Scattered thoughts on multiculturalism, the Dublin riots, and the man who would be king
The transnational ruling class has decided that humans are to be treated as a fungible resource, to be moved around the same way we transfer oil, cell phones, or liquid capital. Of course this doesn’t apply, yet, to every country. China, India, and Japan, for example, are famously exempt from the requirements to open their borders to a laminar human flow from every segment of the globe. In practice, it is only White countries that must treat their borders like sluice gates from a cesspool.

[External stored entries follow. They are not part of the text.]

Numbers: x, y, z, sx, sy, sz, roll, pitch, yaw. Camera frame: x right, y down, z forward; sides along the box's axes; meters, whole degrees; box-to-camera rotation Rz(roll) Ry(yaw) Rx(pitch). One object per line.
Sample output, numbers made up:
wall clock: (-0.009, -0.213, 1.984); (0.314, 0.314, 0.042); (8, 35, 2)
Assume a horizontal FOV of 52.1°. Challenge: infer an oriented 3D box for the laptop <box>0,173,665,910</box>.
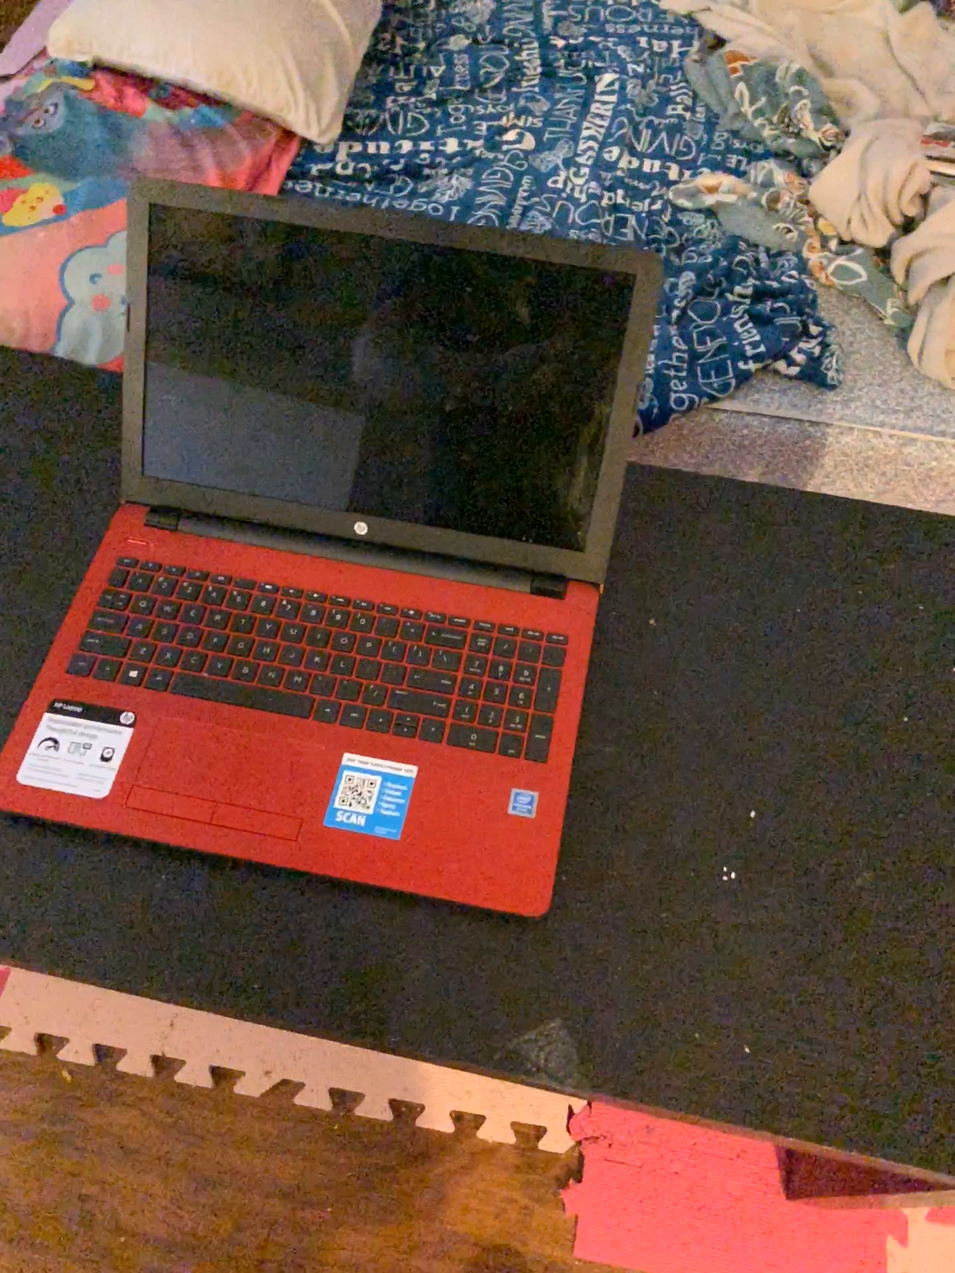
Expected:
laptop: (-0.098, -0.078, 0.650); (0.375, 0.170, 0.411); (10, 61, 5)
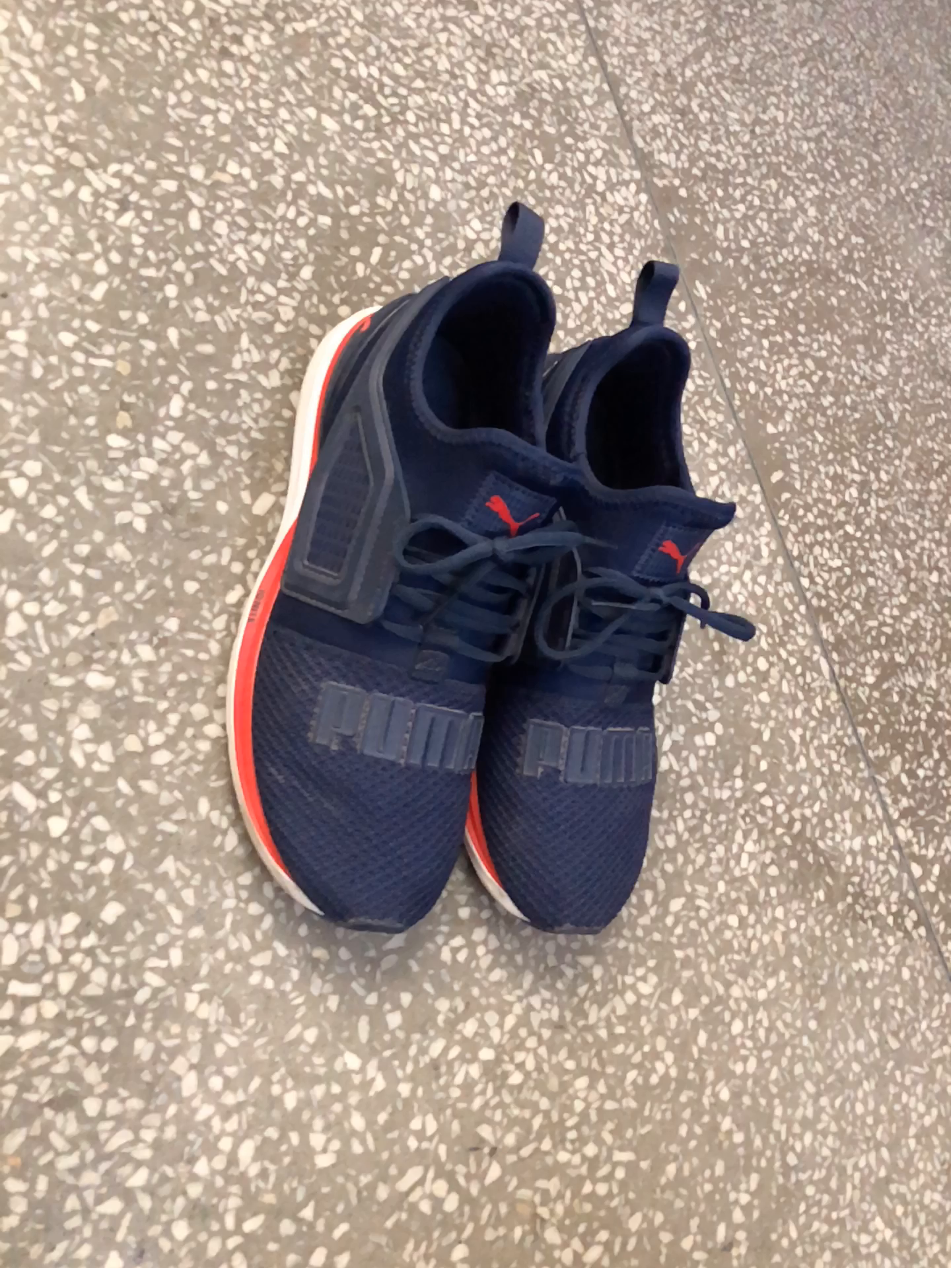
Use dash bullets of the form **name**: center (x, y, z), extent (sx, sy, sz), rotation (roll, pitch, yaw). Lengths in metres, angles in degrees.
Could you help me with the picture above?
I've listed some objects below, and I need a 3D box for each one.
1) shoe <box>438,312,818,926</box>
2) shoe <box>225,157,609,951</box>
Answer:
- **shoe**: center (0.055, 0.005, 0.454), extent (0.100, 0.120, 0.230), rotation (6, 74, -25)
- **shoe**: center (-0.026, -0.022, 0.406), extent (0.100, 0.100, 0.270), rotation (8, 73, -31)

Perhaps the motivations are purely economic. Birth rates remain stubbornly low throughout the developed world, although the adjective ‘stubbornly’ presupposes that anything whatsoever has been tried in order to raise total fertility; in practice, government policies are systematically calibrated towards suppressing the fertility of native populations, which after all helps to keep women in the workforce and, therefore, wages low. Since we all know that humans are entirely interchangeable, with no difference between a Mongol, a Mayan, and a Malay, low birth rates aren’t a problem. We can just import people to make up the difference.
The mass migration strategy that’s been pursued across the Western world has indeed had economic benefits, for the globalist tribe running things at least. By packing third-worlders into their countries, they’ve successfully raised GDP. Big line go up, which is wonderful for the financial ownership class. For everyone else, it’s been terrible, since it turns out that increasing GDP via immigration doesn’t have much of an effect on per capita GDP, although it has quite the strong effect on real estate prices (up), cost of living (up), and wages (down), which is great if you’re in the ruling class and, otherwise, not great at all.